Deer riffle scope, high end. :thumbsup: Ended up on a .308 bull barrell im taking to Wyo when I go see Donerightwyo. 

I understand your position. Just a different line of thought and culture, I imagine. Neither is wrong, just different. People do what they want to do, as it should be. :thumbsup:


----------



## Okiecontractor (Oct 15, 2012)

Jaws said:


> If it was a substantial project (more than a weekend) , Id probaby have to charge something and put it on the board.


That is what I meant when I said to charge the same. Not small jobs. I do "handyman" type of stuff for free for friends and family.


----------



## Jaws (Dec 20, 2010)

Okiecontractor said:


> That is what I meant when I said to charge the same. Not small jobs. I do "handyman" type of stuff for free for friends and family.


Yeah, small jobs only. 

Not doing a full remodel for anyone for free other than my immediate family. Its not really free, it gets reciprocated.


----------



## Jaws (Dec 20, 2010)

I think maybe the connection or disconnect between my thinking and others on this subject is this:


I dont differentiate between work, whether its what I do for a living or throwing hay. When my father in law mentions he is going to get a load of hay or clearing brush or cutting down tree's, I realize thats a two man job. I show up when its time to do the work. Same with me. When I was doing my roof, he just showed up, so did my dad and brother. None were asked. 

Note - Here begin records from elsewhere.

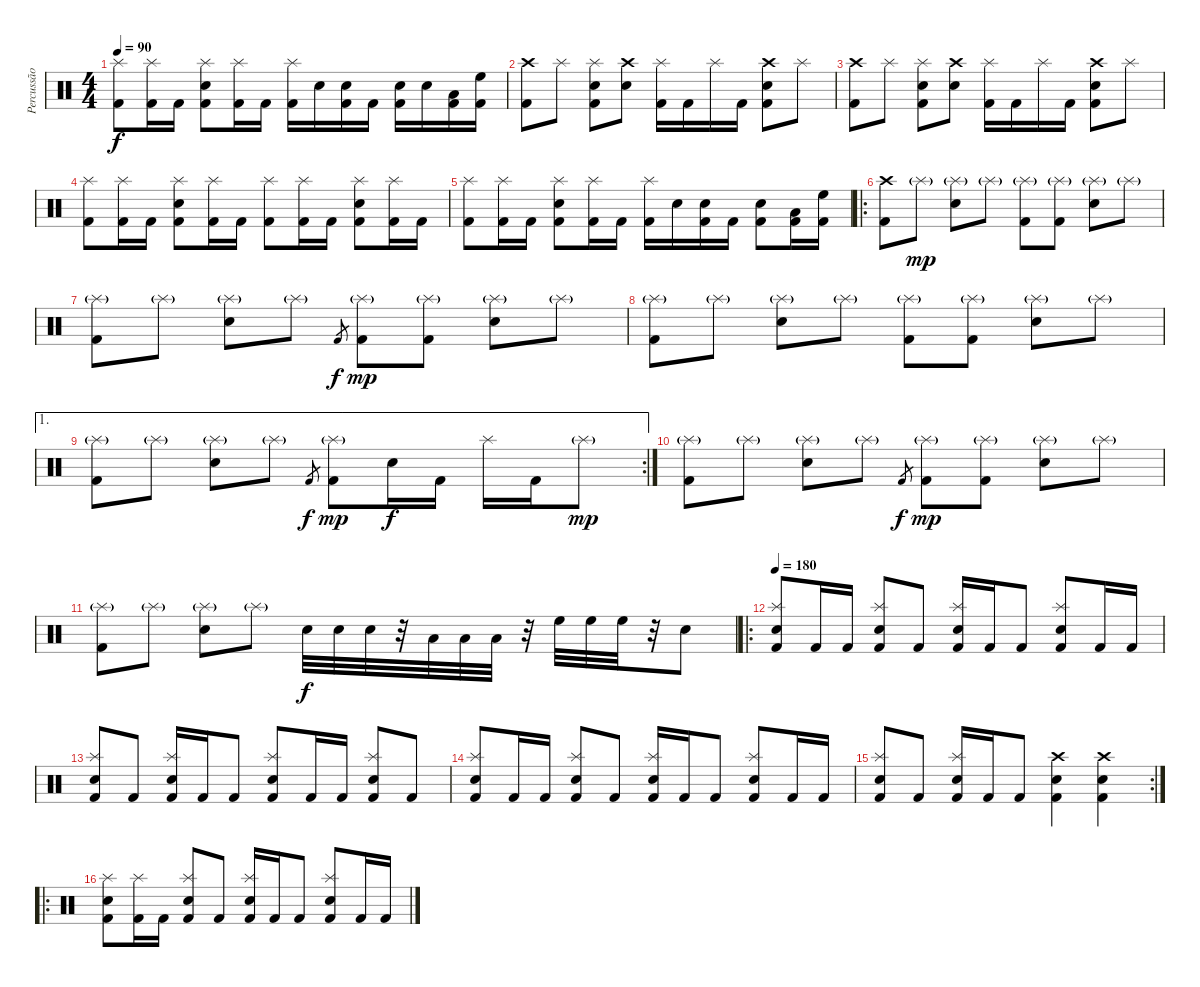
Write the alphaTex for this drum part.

\track ("Percussão" "Percussão") {instrument percussion}
\staff {score}
\articulation defaults
\ts (4 4)
\tempo 90
\clef neutral
\ks c
("Kick (hit) 2" "Splash (hit)").8{dy f} ("Kick (hit) 2" "Splash (hit)").16 "Kick (hit) 2".16 ("Kick (hit) 2" "Snare (hit) 2" "Splash (hit)").8 ("Kick (hit) 2" "Splash (hit)").16 "Kick (hit) 2".16 ("Kick (hit) 2" "Splash (hit)").16 "Snare (hit) 2".16 ("Kick (hit) 2" "Snare (hit) 2").16 "Kick (hit) 2".16 ("Kick (hit) 2" "Snare (hit) 2").16 "Snare (hit) 2".16 ("Kick (hit) 2" "Low Tom (hit)").16 ("Kick (hit) 2" "High Floor Tom (hit)").16 |
("Kick (hit) 2" "Crash high (hit)").8 "Splash (hit)".8 ("Kick (hit) 2" "Snare (hit) 2" "Splash (hit)").8 ("Snare (hit) 2" "Crash high (hit)").8 ("Kick (hit) 2" "Splash (hit)").16 "Kick (hit) 2".16 "Splash (hit)".16 "Kick (hit) 2".16 ("Kick (hit) 2" "Snare (hit) 2" "Crash high (hit)").8 "Splash (hit)".8 |
("Kick (hit) 2" "Crash high (hit)").8 "Splash (hit)".8 ("Kick (hit) 2" "Snare (hit) 2" "Splash (hit)").8 ("Snare (hit) 2" "Crash high (hit)").8 ("Kick (hit) 2" "Splash (hit)").16 "Kick (hit) 2".16 "Splash (hit)".16 "Kick (hit) 2".16 ("Kick (hit) 2" "Snare (hit) 2" "Crash high (hit)").8 "Splash (hit)".8 |
("Kick (hit) 2" "Splash (hit)").8 ("Kick (hit) 2" "Splash (hit)").16 "Kick (hit) 2".16 ("Kick (hit) 2" "Snare (hit) 2" "Splash (hit)").8 ("Kick (hit) 2" "Splash (hit)").16 "Kick (hit) 2".16 ("Kick (hit) 2" "Splash (hit)").8 ("Kick (hit) 2" "Splash (hit)").16 "Kick (hit) 2".16 ("Kick (hit) 2" "Snare (hit) 2" "Splash (hit)").8 ("Kick (hit) 2" "Splash (hit)").16 "Kick (hit) 2".16 |
("Kick (hit) 2" "Splash (hit)").8 ("Kick (hit) 2" "Splash (hit)").16 "Kick (hit) 2".16 ("Kick (hit) 2" "Snare (hit) 2" "Splash (hit)").8 ("Kick (hit) 2" "Splash (hit)").16 "Kick (hit) 2".16 ("Kick (hit) 2" "Splash (hit)").16 "Snare (hit) 2".16 ("Kick (hit) 2" "Snare (hit) 2").16 "Kick (hit) 2".16 ("Kick (hit) 2" "Snare (hit) 2").8 ("Kick (hit) 2" "Low Tom (hit)").16 ("Kick (hit) 2" "High Floor Tom (hit)").16 |
\ro
("Kick (hit) 2" "Crash high (hit)").8 "Splash (hit)"{g}.8{dy mp} ("Snare (hit) 2" "Splash (hit)"{g}).8 "Splash (hit)"{g}.8 ("Kick (hit) 2" "Splash (hit)"{g}).8 ("Kick (hit) 2" "Splash (hit)"{g}).8 ("Snare (hit) 2" "Splash (hit)"{g}).8 "Splash (hit)"{g}.8 |
("Kick (hit) 2" "Splash (hit)"{g}).8 "Splash (hit)"{g}.8 ("Snare (hit) 2" "Splash (hit)"{g}).8 "Splash (hit)"{g}.8 "Kick (hit) 2".8{gr dy f} ("Kick (hit) 2" "Splash (hit)"{g}).8{dy mp} ("Kick (hit) 2" "Splash (hit)"{g}).8 ("Snare (hit) 2" "Splash (hit)"{g}).8 "Splash (hit)"{g}.8 |
("Kick (hit) 2" "Splash (hit)"{g}).8 "Splash (hit)"{g}.8 ("Snare (hit) 2" "Splash (hit)"{g}).8 "Splash (hit)"{g}.8 ("Kick (hit) 2" "Splash (hit)"{g}).8 ("Kick (hit) 2" "Splash (hit)"{g}).8 ("Snare (hit) 2" "Splash (hit)"{g}).8 "Splash (hit)"{g}.8 |
\ae 1
\rc 2
("Kick (hit) 2" "Splash (hit)"{g}).8 "Splash (hit)"{g}.8 ("Snare (hit) 2" "Splash (hit)"{g}).8 "Splash (hit)"{g}.8 "Kick (hit) 2".8{gr dy f} ("Kick (hit) 2" "Splash (hit)"{g}).8{dy mp} "Snare (hit) 2".16{dy f} "Kick (hit) 2".16 "Splash (hit)".16 "Kick (hit) 2".16 "Splash (hit)"{g}.8{dy mp} |
("Kick (hit) 2" "Splash (hit)"{g}).8 "Splash (hit)"{g}.8 ("Snare (hit) 2" "Splash (hit)"{g}).8 "Splash (hit)"{g}.8 "Kick (hit) 2".8{gr dy f} ("Kick (hit) 2" "Splash (hit)"{g}).8{dy mp} ("Kick (hit) 2" "Splash (hit)"{g}).8 ("Snare (hit) 2" "Splash (hit)"{g}).8 "Splash (hit)"{g}.8 |
("Kick (hit) 2" "Splash (hit)"{g}).8 "Splash (hit)"{g}.8 ("Snare (hit) 2" "Splash (hit)"{g}).8 "Splash (hit)"{g}.8 "Snare (hit) 2".32{dy f} "Snare (hit) 2".32 "Snare (hit) 2".32 r.32 "Low Tom (hit)".32 "Low Tom (hit)".32 "Low Tom (hit)".32 r.32 "High Floor Tom (hit)".32 "High Floor Tom (hit)".32 "High Floor Tom (hit)".32 r.32 "Snare (hit) 2".8 |
\ro
\tempo 180
("Kick (hit) 2" "Snare (hit) 2" "Splash (hit)").8 "Kick (hit) 2".16 "Kick (hit) 2".16 ("Kick (hit) 2" "Snare (hit) 2" "Splash (hit)").8 "Kick (hit) 2".8 ("Kick (hit) 2" "Snare (hit) 2" "Splash (hit)").16 "Kick (hit) 2".16 "Kick (hit) 2".8 ("Kick (hit) 2" "Snare (hit) 2" "Splash (hit)").8 "Kick (hit) 2".16 "Kick (hit) 2".16 |
("Kick (hit) 2" "Snare (hit) 2" "Splash (hit)").8 "Kick (hit) 2".8 ("Kick (hit) 2" "Snare (hit) 2" "Splash (hit)").16 "Kick (hit) 2".16 "Kick (hit) 2".8 ("Kick (hit) 2" "Snare (hit) 2" "Splash (hit)").8 "Kick (hit) 2".16 "Kick (hit) 2".16 ("Kick (hit) 2" "Snare (hit) 2" "Splash (hit)").8 "Kick (hit) 2".8 |
("Kick (hit) 2" "Snare (hit) 2" "Splash (hit)").8 "Kick (hit) 2".16 "Kick (hit) 2".16 ("Kick (hit) 2" "Snare (hit) 2" "Splash (hit)").8 "Kick (hit) 2".8 ("Kick (hit) 2" "Snare (hit) 2" "Splash (hit)").16 "Kick (hit) 2".16 "Kick (hit) 2".8 ("Kick (hit) 2" "Snare (hit) 2" "Splash (hit)").8 "Kick (hit) 2".16 "Kick (hit) 2".16 |
\rc 2
("Kick (hit) 2" "Snare (hit) 2" "Splash (hit)").8 "Kick (hit) 2".8 ("Kick (hit) 2" "Snare (hit) 2" "Splash (hit)").16 "Kick (hit) 2".16 "Kick (hit) 2".8 ("Kick (hit) 2" "Snare (hit) 2" "Crash high (hit)").4 ("Kick (hit) 2" "Snare (hit) 2" "Crash high (hit)").4 |
\ro
("Kick (hit) 2" "Snare (hit) 2" "Splash (hit)").8 ("Kick (hit) 2" "Splash (hit)").16 "Kick (hit) 2".16 ("Kick (hit) 2" "Snare (hit) 2" "Splash (hit)").8 "Kick (hit) 2".8 ("Kick (hit) 2" "Snare (hit) 2" "Splash (hit)").16 "Kick (hit) 2".16 "Kick (hit) 2".8 ("Kick (hit) 2" "Snare (hit) 2" "Splash (hit)").8 "Kick (hit) 2".16 "Kick (hit) 2".16

For me the bathroom is no different than getting hay, other than its more fun.

I have a neighbor who brings me fresh eggs from time to time. I offer a backstrap or a hog leg in return. Cash would be an insult. Maybe its a rural thing.


----------



## Creter (Oct 13, 2009)

Ceezz said:


> Haha I would work for beer on a weekend haha


When they mention that they would be willing to trade for beer I stare at them for a few moments. I tell them they would be FAR better off just paying me outright rather than trying to satiate me with beer...

:drink:


----------



## Jaws (Dec 20, 2010)

Creter said:


> When they mention that they would be willing to trade for beer I stare at them for a few moments. I tell them they would be FAR better off just paying me outright rather than trying to satiate me with beer...
> 
> :drink:


:thumbsup:

Dont make an offer you csnt back up. Pretty sure All you Can Eats dont like me. Give more than you take goes out the window :laughing::thumbup:


----------



## Jaws (Dec 20, 2010)

Dunn Edwards?


----------



## CarpenterSFO (Dec 12, 2012)

Jaws said:


> Dunn Edwards?


California paint store, apparently not skyhook's favorite.


----------



## donerightwyo (Oct 10, 2011)

I'm with Jaws, I don't charge friends and family for little things. Sometimes I get envelopes stuffed with cash in the mail though because they know I won't ever bill them or cash a check. 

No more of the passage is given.